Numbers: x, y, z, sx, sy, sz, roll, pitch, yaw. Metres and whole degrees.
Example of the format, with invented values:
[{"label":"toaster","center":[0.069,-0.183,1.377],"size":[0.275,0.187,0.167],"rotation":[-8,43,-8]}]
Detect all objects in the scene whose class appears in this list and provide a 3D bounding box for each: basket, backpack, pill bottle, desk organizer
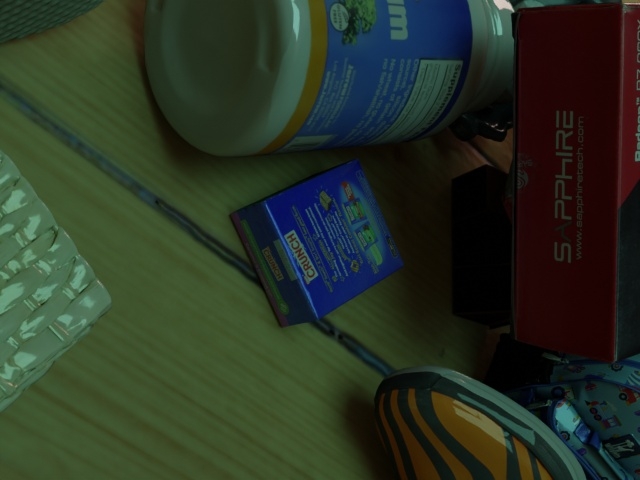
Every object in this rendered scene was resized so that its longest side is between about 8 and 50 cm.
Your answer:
[{"label":"basket","center":[-0.197,0.046,0.461],"size":[0.113,0.103,0.167],"rotation":[56,47,-12]},{"label":"backpack","center":[0.228,0.143,0.779],"size":[0.158,0.173,0.117],"rotation":[52,47,-18]},{"label":"pill bottle","center":[0.024,-0.143,0.703],"size":[0.272,0.152,0.152],"rotation":[-11,83,-45]},{"label":"desk organizer","center":[0.145,0.005,0.841],"size":[0.050,0.047,0.130],"rotation":[19,63,-35]}]

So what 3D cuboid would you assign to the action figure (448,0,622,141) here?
[{"label":"action figure","center":[0.246,-0.228,0.912],"size":[0.330,0.178,0.341],"rotation":[23,56,-17]}]

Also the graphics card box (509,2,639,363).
[{"label":"graphics card box","center":[0.298,-0.062,0.741],"size":[0.371,0.094,0.233],"rotation":[-10,103,-38]}]

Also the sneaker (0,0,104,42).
[{"label":"sneaker","center":[-0.235,-0.188,0.514],"size":[0.282,0.102,0.161],"rotation":[-15,83,-45]}]

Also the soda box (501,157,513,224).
[{"label":"soda box","center":[0.248,0.034,0.850],"size":[0.263,0.092,0.083],"rotation":[60,38,-29]}]

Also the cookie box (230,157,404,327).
[{"label":"cookie box","center":[0.000,0.000,0.708],"size":[0.107,0.040,0.092],"rotation":[-27,95,-45]}]

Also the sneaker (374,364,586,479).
[{"label":"sneaker","center":[0.119,0.248,0.673],"size":[0.321,0.124,0.180],"rotation":[54,46,-15]}]

§

▸ **TO DO**: Pull every line containing "this" out of the entries.

▸ **RESPONSE**:
Detect all objects in the scene whose class appears in this list and provide a 3D bounding box for each: basket, backpack, pill bottle, desk organizer
Every object in this rendered scene was resized so that its longest side is between about 8 and 50 cm.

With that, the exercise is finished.